The impacts of unanticipated downtime are intensifying as businesses increasingly rely on digital solutions to drive operations and work to elevate customer experiences to gain competitive edge. Disruptions impose significant costs that reach beyond stalled productivity to include noncompliance fines, declining customer satisfaction and brand reputation, and customer churn.
According to ITIC’s 2021 Hourly Cost of Downtime Survey, 44% of firms indicated that hourly downtime costs exceed $1 million and can reach to over $5 million, exclusive of legal fees, fines or penalties. Also, 91% of organizations said a single hour of downtime that takes mission-critical server hardware and applications offline averages over $300,000, due to lost business, productivity disruptions and remediation efforts. Only 1% of organizations – mainly very small businesses with 50 or fewer employees – estimate that an hour of downtime costs them less than $100,000*. This makes business continuity (BC) plans and disaster recovery (DR) plans essential to every business, regardless of industry, revenue or size. The good news is that colocation can provide the foundation that supports the success of these plans.

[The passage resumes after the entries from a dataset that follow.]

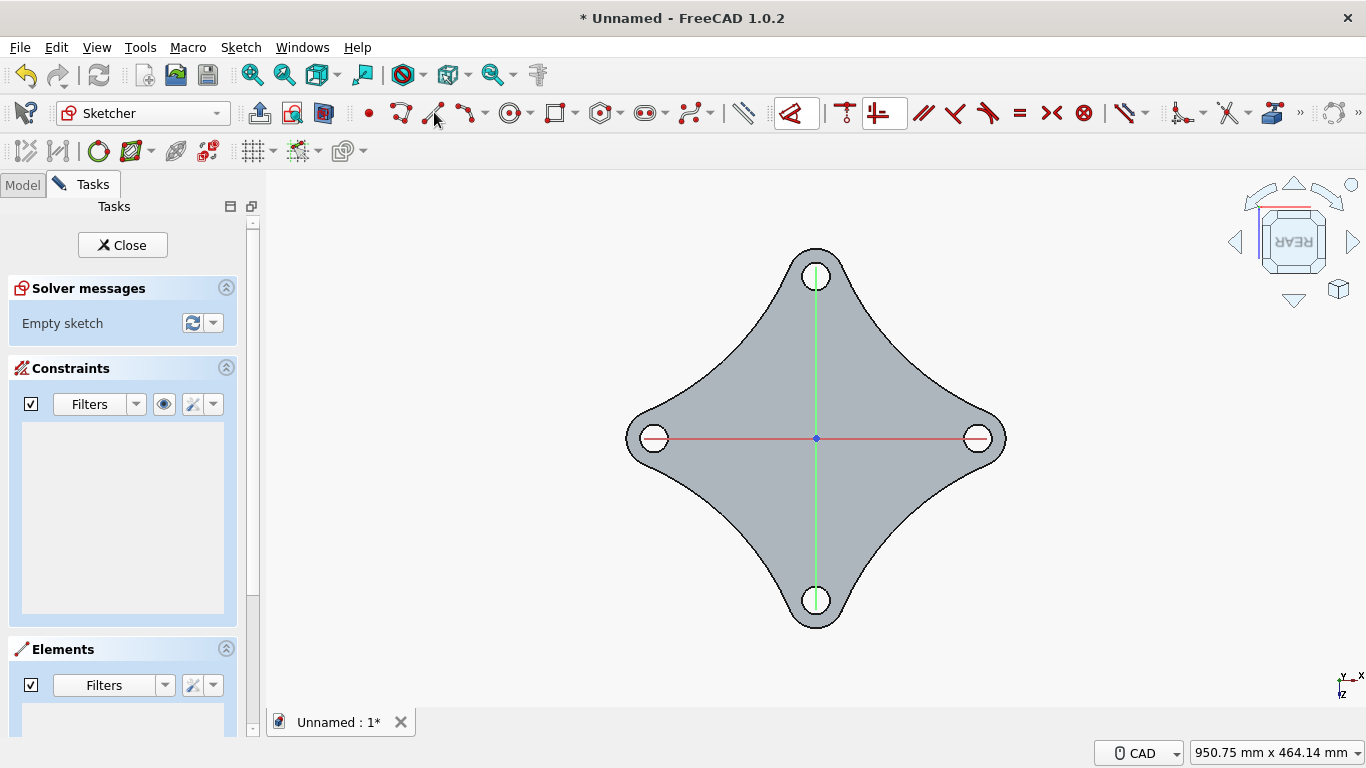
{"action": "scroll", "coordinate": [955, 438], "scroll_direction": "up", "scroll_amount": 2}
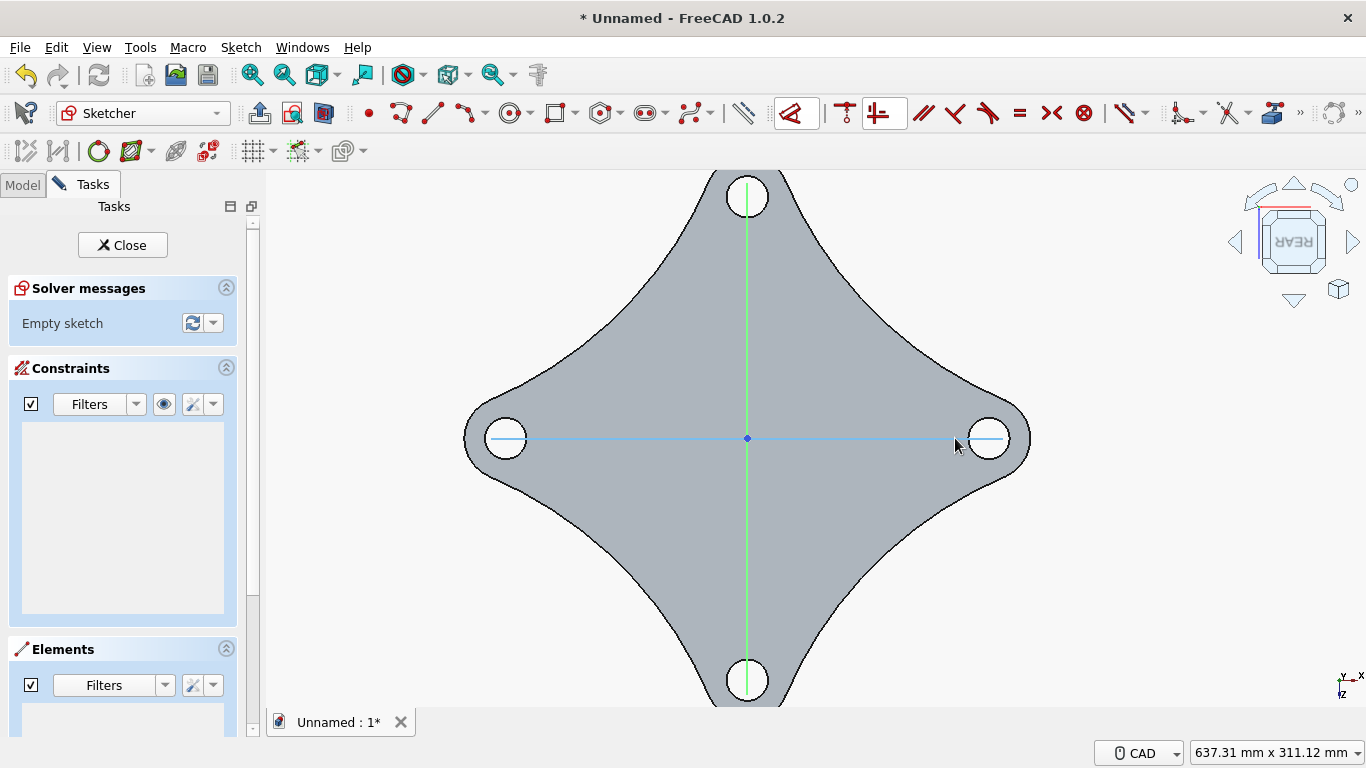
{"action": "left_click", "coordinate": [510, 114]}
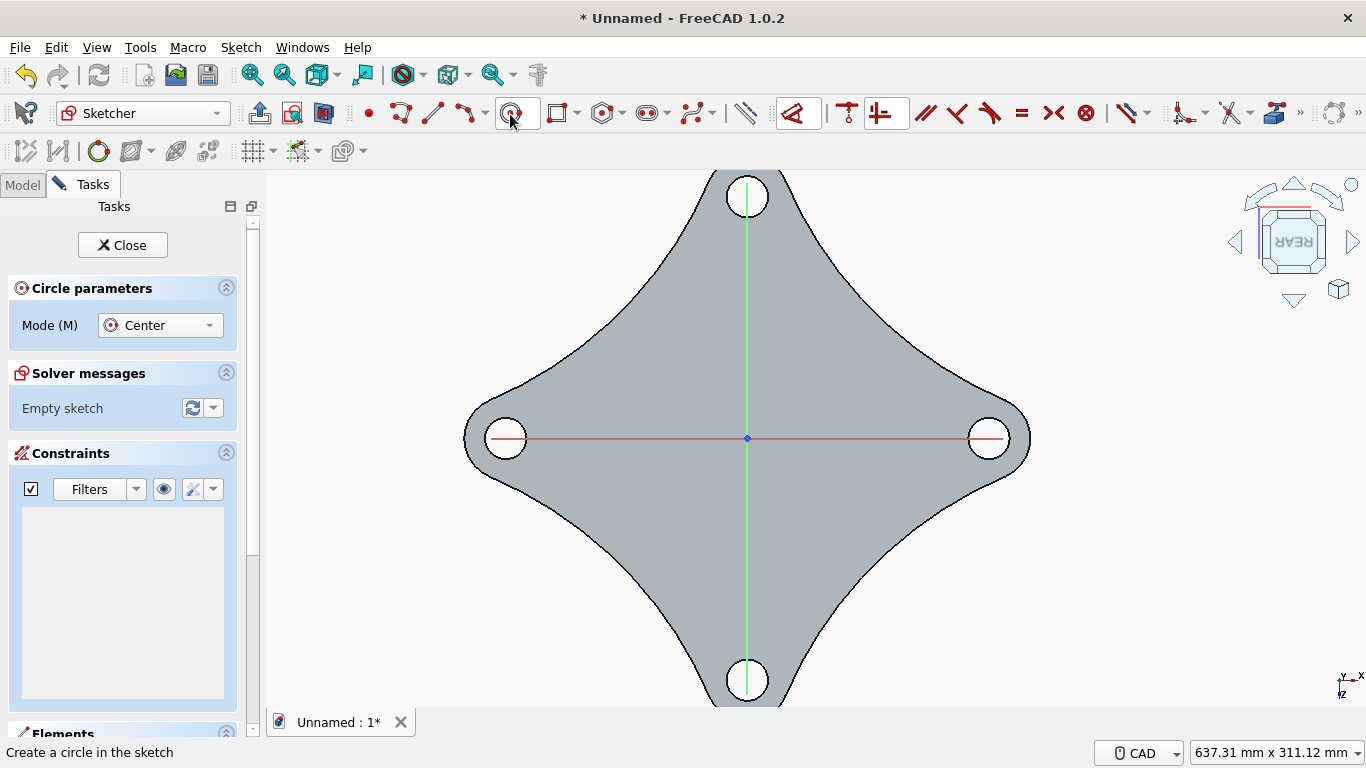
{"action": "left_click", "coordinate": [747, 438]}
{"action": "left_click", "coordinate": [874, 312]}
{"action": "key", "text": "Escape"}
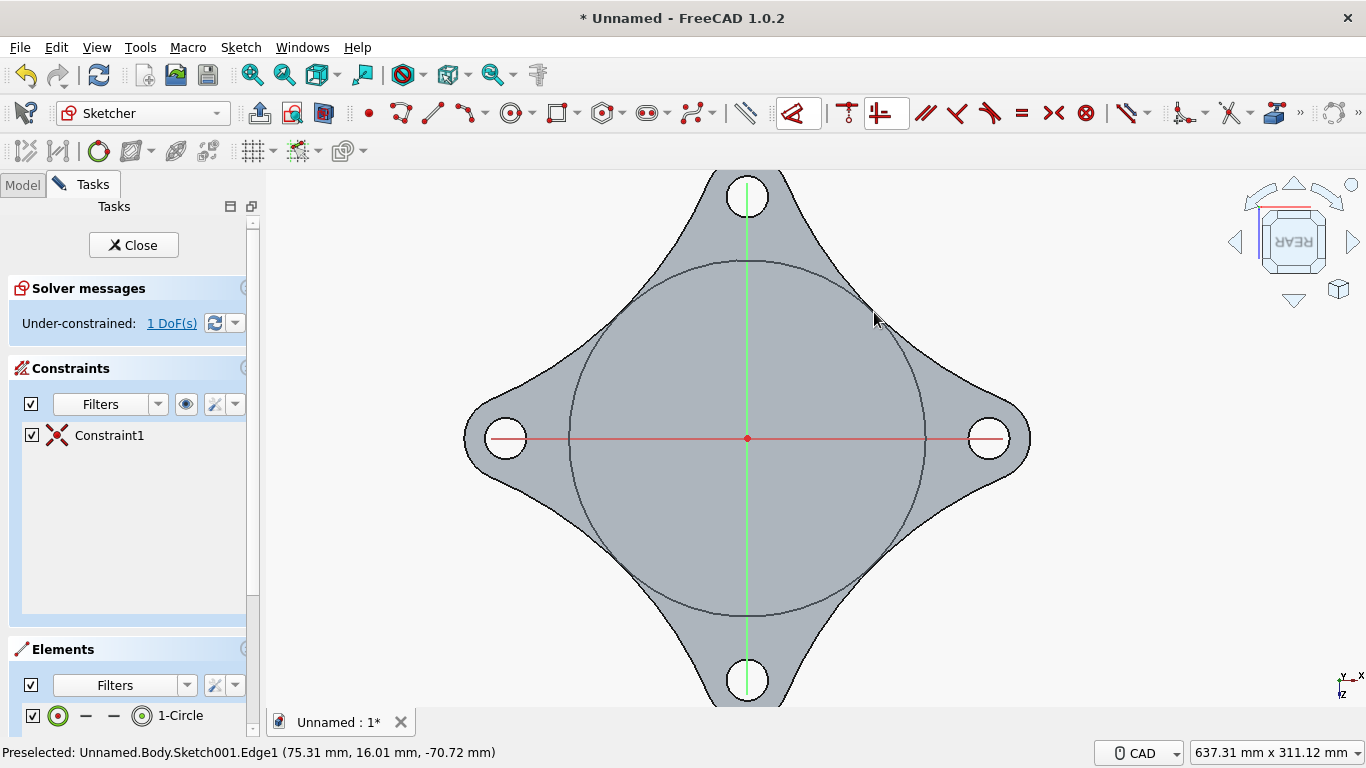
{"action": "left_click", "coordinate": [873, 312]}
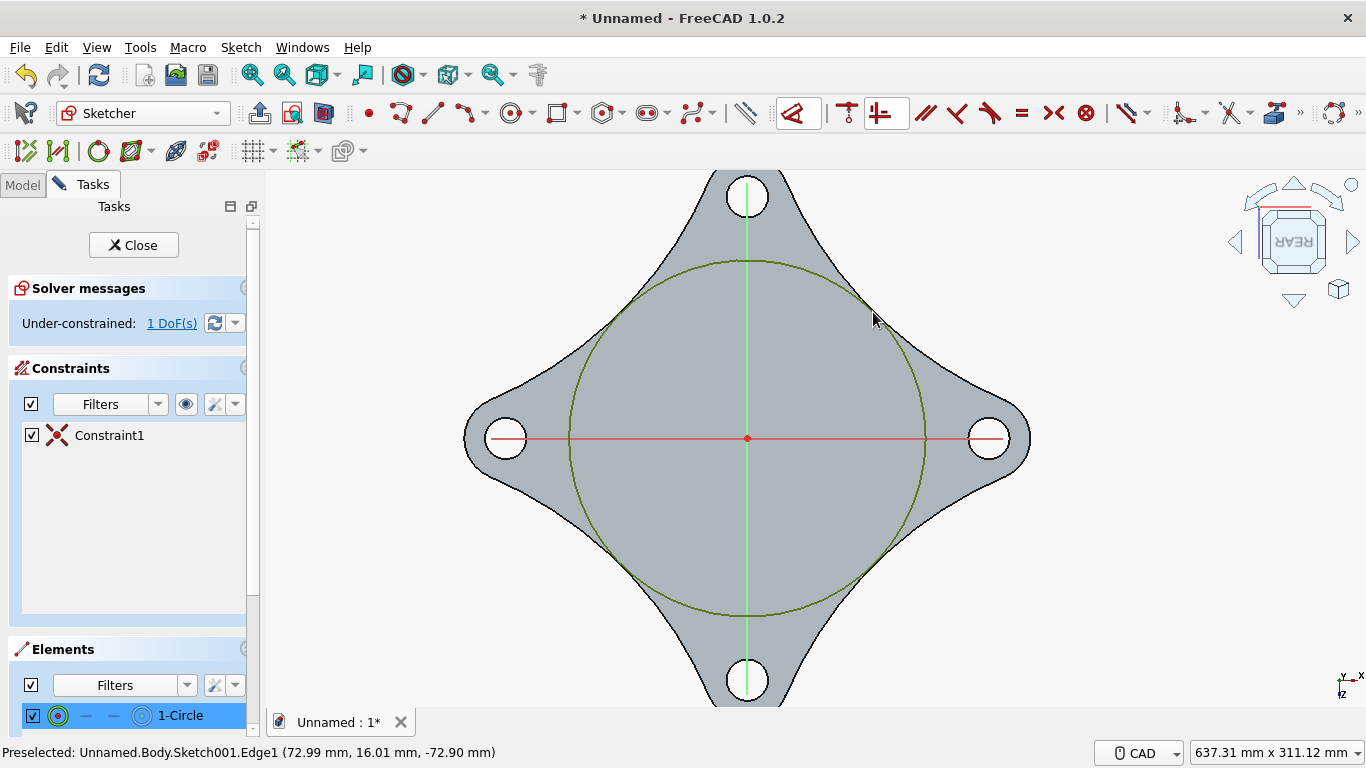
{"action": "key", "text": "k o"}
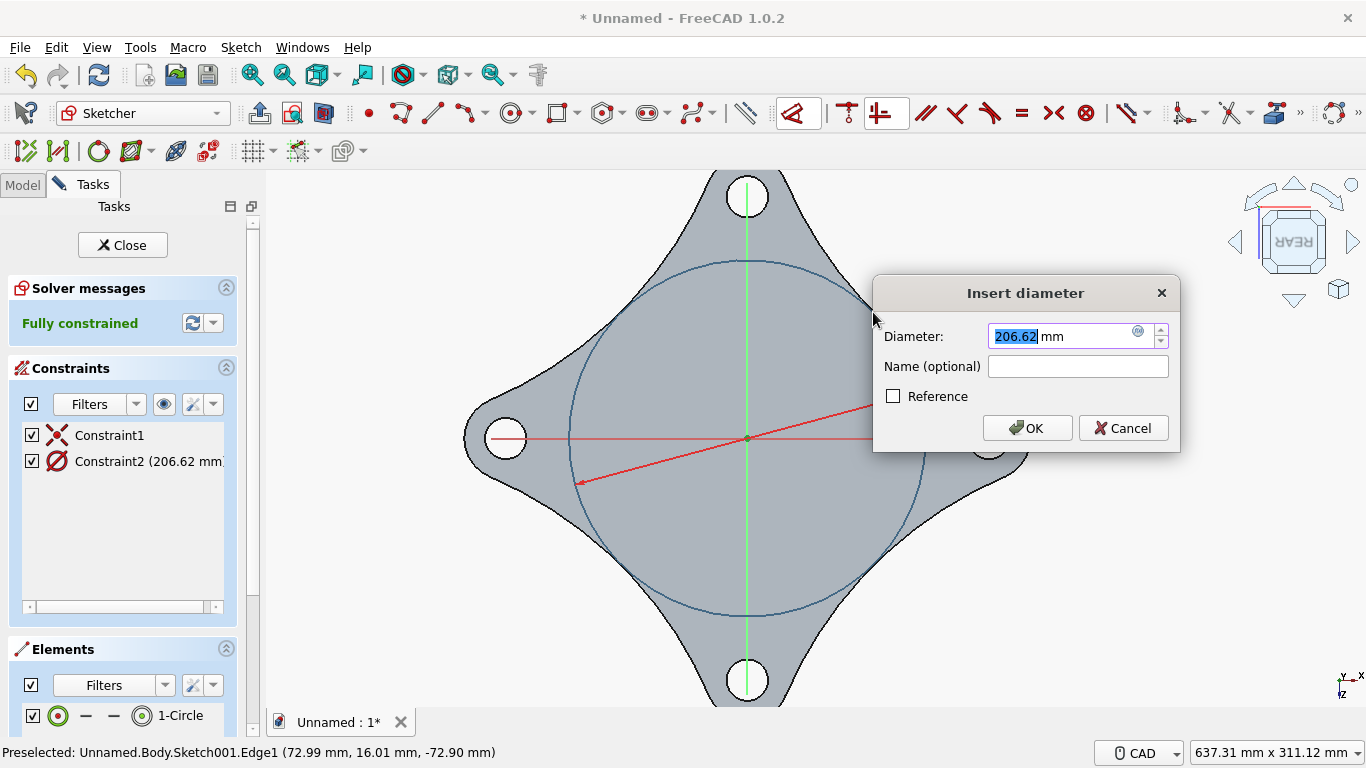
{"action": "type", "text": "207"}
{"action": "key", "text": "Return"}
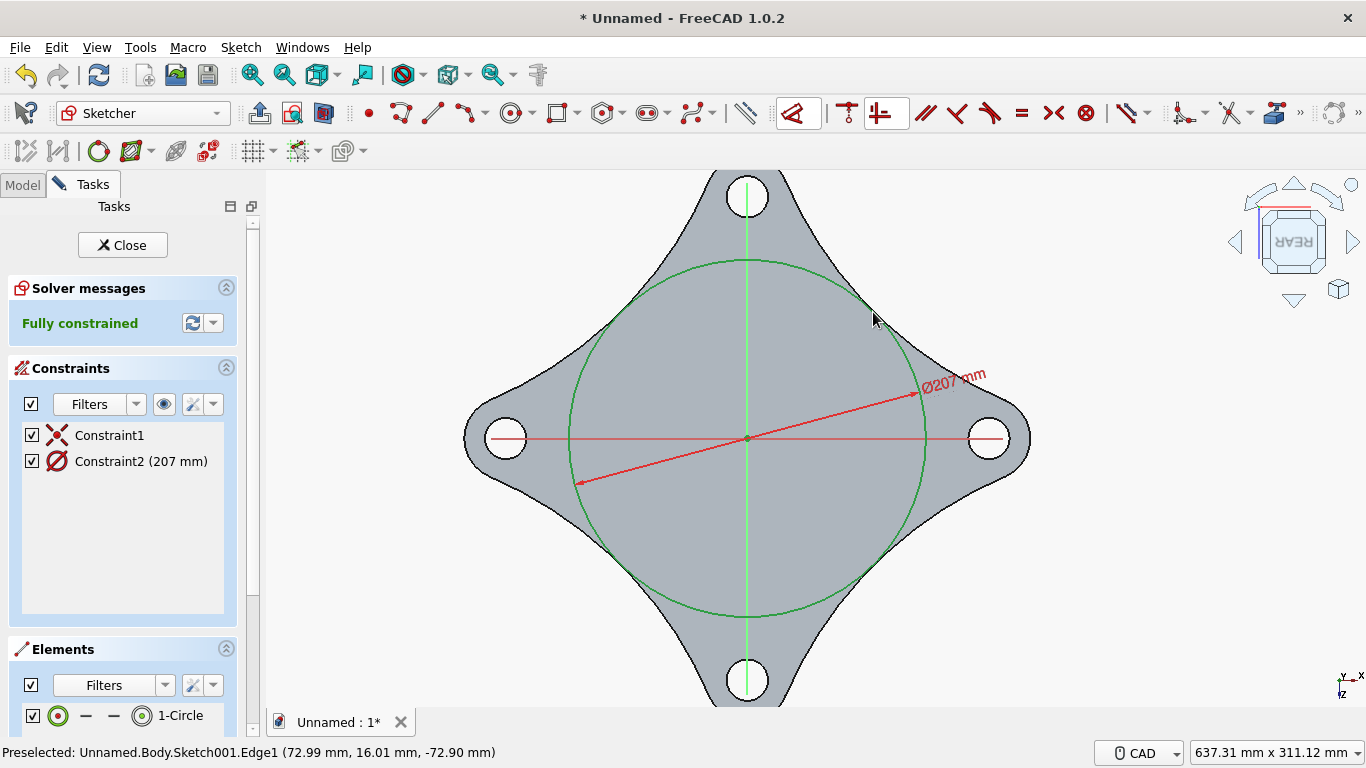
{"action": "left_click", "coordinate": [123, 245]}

Business continuity and disaster recovery plans are closely aligned in their efforts to support the availability and resiliency of business operations. For this reason, BC and DR are often used interchangeably. However, they are not the same. BC encompasses the comprehensive scope of protocols and procedures identified to keep the enterprise running. DR is an element of a BC that focuses on safeguarding the integrity of IT infrastructure and data during a disaster.
Together, BC and DR plans outline the steps and resources necessary to support a business’ people, processes, data and IT infrastructure to maintain business-as-usual operations during events that interferes with business operations. This can include natural disasters such as hurricanes, earthquakes and floods; human-caused disruptions resulting from errors or cyberattacks; and pandemics like COVID-19.
BC and DR are often used interchangeably, but they are not the same thing. DR is one element of a comprehensive business continuity plan.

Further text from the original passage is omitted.